Then we need to look at countries that have been (and are) 100% oil importers. Like Japan and Europe. How are they reacting?
Business Week had a good article last week on % of driving done for work, leisure, etc in the US. Only about 25% is work. Most driving in the US is "non-essential" ... so do we all just switch to scooters like Italy?
The US imports about 11M barrels a day, or about 70% of consumption. At $70 thats a 281B deficit a year. People seem OK with it now. If it doubles, is that still OK?
How long do we have till that happens?
Personally I think the geopolitical implications are dire. We are heading towards a brick wall, but we don't know when we will hit it, or how hard we will hit, or what the fallout will be. I feel like I'm sailing on the Titanic. The US will be forced to dramatically revise its global defence strategy, which will have a geopolitical fallout I cannot even imagine.
There are lots of web sites on the dollar collapse, and the current economic crisis. i believe Oil will be the cause of the collapse.
When I think it through, the only rational response as an individual is to buy gold. I feel like Henny Penny. I have seen some discussions that say this is an overreaction. People have been looking for an excuse to forcast "doomsday" for hundreds of years. Is this just that? another fantasy doomsday scenario that modern ingenuity and economics will overcome?

What will the average American do?

Good question.  I consider myself pretty average.

I drive less.  I stay close to home.  I've been bringing my lunch to work.  I go out less.  I take public transportation.  I go to the beach on the weekends (I live in a beach town).  I'm growing tomatoes.  I cook on my grill.  I'm adding insulation to my house, and looking for other ways to be more energy efficient.

Preparing for the end of the world is hard.  I go back and forth ... one day I lean towards technology saving us (at least from civilization collapsing), the next I think we're forked.
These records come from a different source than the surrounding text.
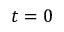Convert formula to latex. <formula><loc_0><loc_0><loc_500><loc_500>t = 0</formula> 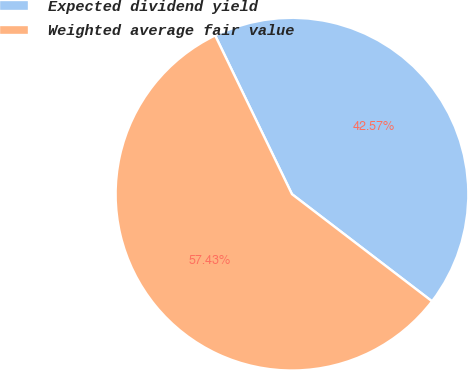Convert chart to OTSL. <chart><loc_0><loc_0><loc_500><loc_500><pie_chart><fcel>Expected dividend yield<fcel>Weighted average fair value<nl><fcel>42.57%<fcel>57.43%<nl></chart> 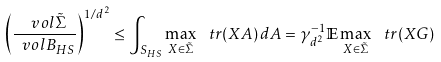Convert formula to latex. <formula><loc_0><loc_0><loc_500><loc_500>\left ( \frac { \ v o l \tilde { \Sigma } } { \ v o l B _ { H S } } \right ) ^ { 1 / d ^ { 2 } } \leq \int _ { S _ { H S } } \max _ { X \in \tilde { \Sigma } } \, \ t r ( X A ) \, d A = \gamma _ { d ^ { 2 } } ^ { - 1 } \mathbb { E } \max _ { X \in \tilde { \Sigma } } \, \ t r ( X G )</formula> 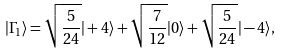Convert formula to latex. <formula><loc_0><loc_0><loc_500><loc_500>| \Gamma _ { 1 } \rangle = \sqrt { \frac { 5 } { 2 4 } } | + 4 \rangle + \sqrt { \frac { 7 } { 1 2 } } | 0 \rangle + \sqrt { \frac { 5 } { 2 4 } } | - 4 \rangle ,</formula> 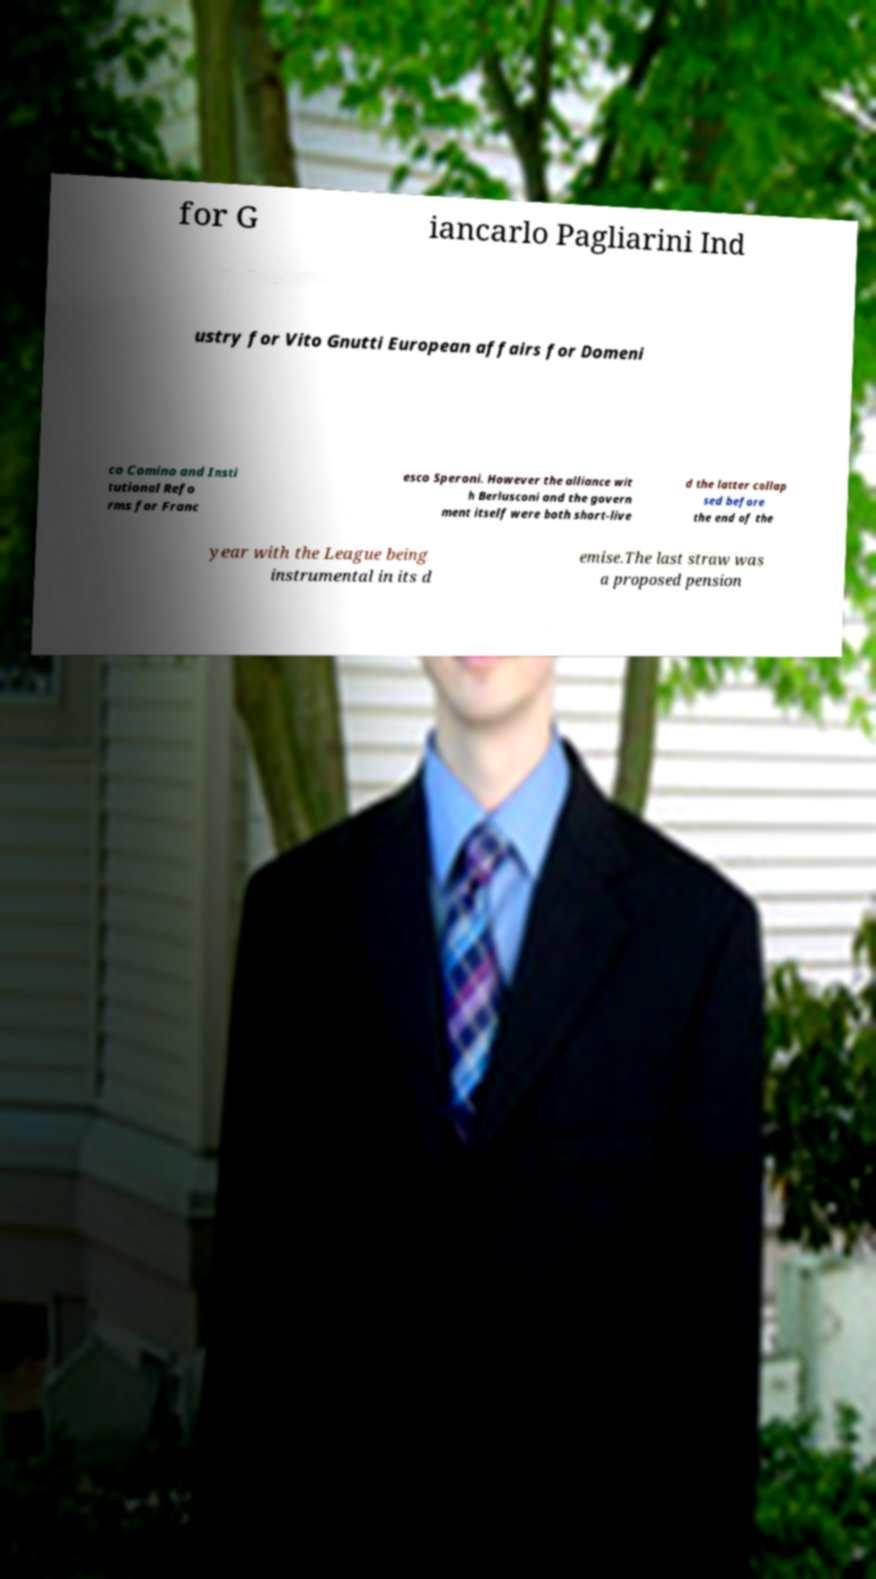What messages or text are displayed in this image? I need them in a readable, typed format. for G iancarlo Pagliarini Ind ustry for Vito Gnutti European affairs for Domeni co Comino and Insti tutional Refo rms for Franc esco Speroni. However the alliance wit h Berlusconi and the govern ment itself were both short-live d the latter collap sed before the end of the year with the League being instrumental in its d emise.The last straw was a proposed pension

Am I being foolish saving (tax deferred) for a retirement that's 30 years away?  Should I be pumping that money into bullion instead?  Buy land in the sticks?  Build a cabin?  

What should I tell my mother to do with her retirement account?  What about my father who is retiring and getting a govt pension?
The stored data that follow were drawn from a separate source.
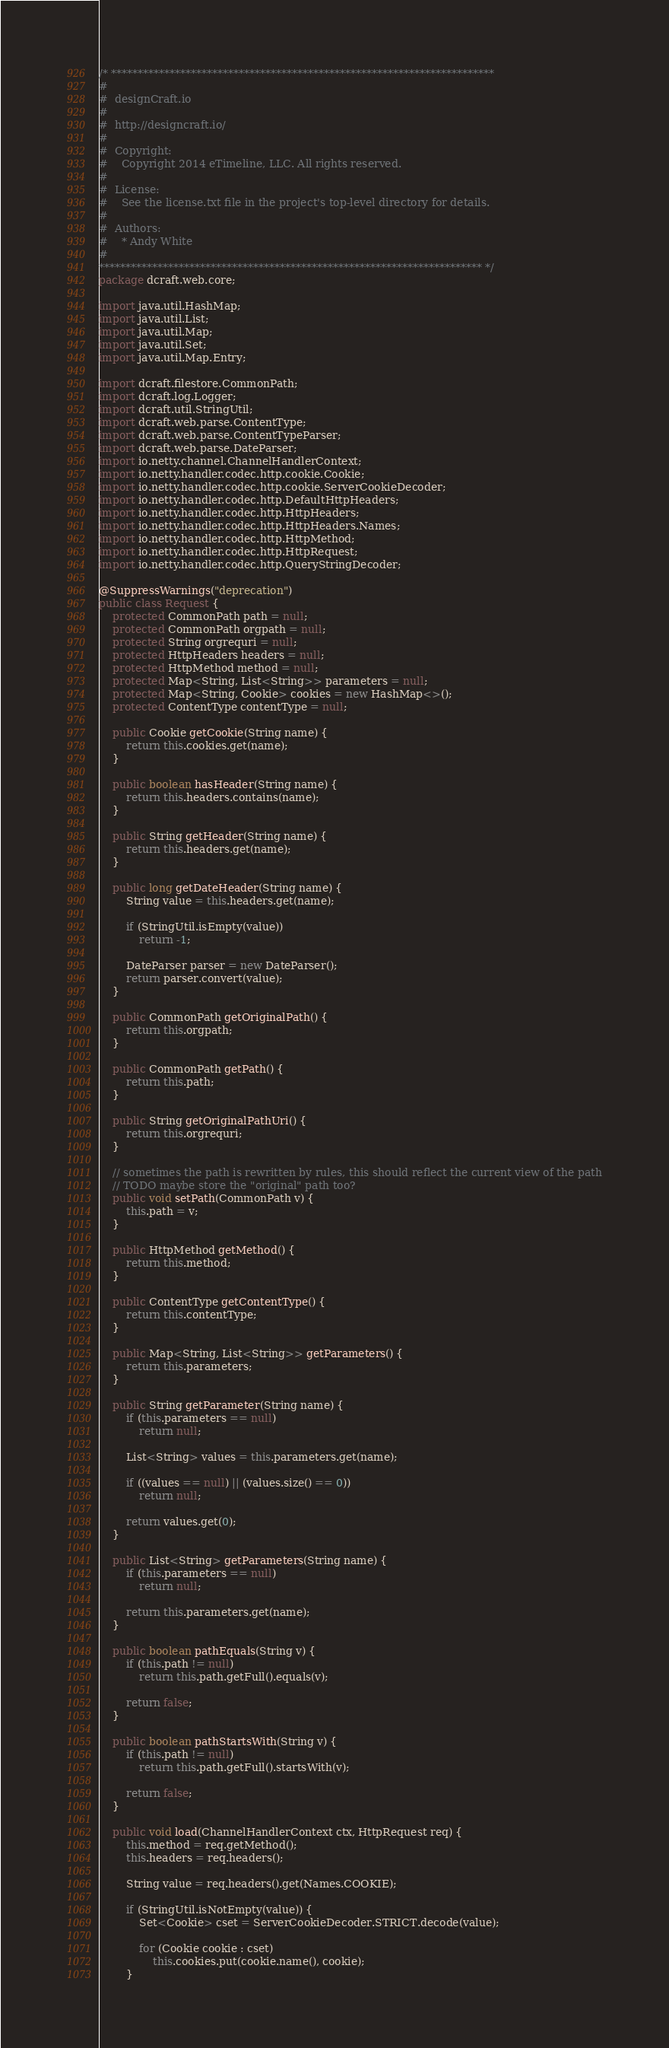Convert code to text. <code><loc_0><loc_0><loc_500><loc_500><_Java_>/* ************************************************************************
#
#  designCraft.io
#
#  http://designcraft.io/
#
#  Copyright:
#    Copyright 2014 eTimeline, LLC. All rights reserved.
#
#  License:
#    See the license.txt file in the project's top-level directory for details.
#
#  Authors:
#    * Andy White
#
************************************************************************ */
package dcraft.web.core;

import java.util.HashMap;
import java.util.List;
import java.util.Map;
import java.util.Set;
import java.util.Map.Entry;

import dcraft.filestore.CommonPath;
import dcraft.log.Logger;
import dcraft.util.StringUtil;
import dcraft.web.parse.ContentType;
import dcraft.web.parse.ContentTypeParser;
import dcraft.web.parse.DateParser;
import io.netty.channel.ChannelHandlerContext;
import io.netty.handler.codec.http.cookie.Cookie;
import io.netty.handler.codec.http.cookie.ServerCookieDecoder;
import io.netty.handler.codec.http.DefaultHttpHeaders;
import io.netty.handler.codec.http.HttpHeaders;
import io.netty.handler.codec.http.HttpHeaders.Names;
import io.netty.handler.codec.http.HttpMethod;
import io.netty.handler.codec.http.HttpRequest;
import io.netty.handler.codec.http.QueryStringDecoder;

@SuppressWarnings("deprecation")
public class Request {
	protected CommonPath path = null;
	protected CommonPath orgpath = null;
	protected String orgrequri = null;
	protected HttpHeaders headers = null;
	protected HttpMethod method = null;
	protected Map<String, List<String>> parameters = null;
    protected Map<String, Cookie> cookies = new HashMap<>();
	protected ContentType contentType = null;
	
    public Cookie getCookie(String name) {
    	return this.cookies.get(name);
    }

	public boolean hasHeader(String name) {
		return this.headers.contains(name);
	}
	
    public String getHeader(String name) {
    	return this.headers.get(name);
    }
    
    public long getDateHeader(String name) {
    	String value = this.headers.get(name);
    	
    	if (StringUtil.isEmpty(value))
    		return -1;
    	
    	DateParser parser = new DateParser();
    	return parser.convert(value);
    }
    
    public CommonPath getOriginalPath() {
		return this.orgpath;
	}
    
    public CommonPath getPath() {
		return this.path;
	}
    
    public String getOriginalPathUri() {
		return this.orgrequri;
	}
    
    // sometimes the path is rewritten by rules, this should reflect the current view of the path
    // TODO maybe store the "original" path too?
    public void setPath(CommonPath v) {
    	this.path = v;
    }
    
    public HttpMethod getMethod() {
		return this.method;
	}
    
    public ContentType getContentType() {
		return this.contentType;
	}
    
    public Map<String, List<String>> getParameters() {
    	return this.parameters;
    }
    
    public String getParameter(String name) {
    	if (this.parameters == null)
    		return null;
    	
    	List<String> values = this.parameters.get(name);
    	
    	if ((values == null) || (values.size() == 0))
    		return null;
    	
    	return values.get(0);
    }
	
    public List<String> getParameters(String name) {
    	if (this.parameters == null)
    		return null;
    	
    	return this.parameters.get(name);
    }
    
    public boolean pathEquals(String v) {
    	if (this.path != null)
    		return this.path.getFull().equals(v);
    	
    	return false;
    }
	
    public boolean pathStartsWith(String v) {
    	if (this.path != null)
    		return this.path.getFull().startsWith(v);
    	
    	return false;
    }
    
	public void load(ChannelHandlerContext ctx, HttpRequest req) {
		this.method = req.getMethod();
		this.headers = req.headers();
		
        String value = req.headers().get(Names.COOKIE);

        if (StringUtil.isNotEmpty(value)) {
        	Set<Cookie> cset = ServerCookieDecoder.STRICT.decode(value);
        	
        	for (Cookie cookie : cset) 
        		this.cookies.put(cookie.name(), cookie);
        }</code>

When I try to talk to people about PeakOil they all think I'm nuts.  When I try to talk to people about the economy, about the govt, about fiat money, they think I'm nuts.

Maybe I'm nuts?  :)

i feel about the same way.

as long as we pay our taxes on time, they let us run around without a straitjacket ?  :-)

i'm 48 - hopefully, still in the pre-senile-dementia phase.

i have never seen so much denial & delusion, in the United States.

  •  oil production declining in Ghawar - reserves downstated by Kuwait - Cantarell declining ... etc.
  •  US military killing civilians in Iraq

the list of "grim realities" goes on and on.  no one wants to think about it.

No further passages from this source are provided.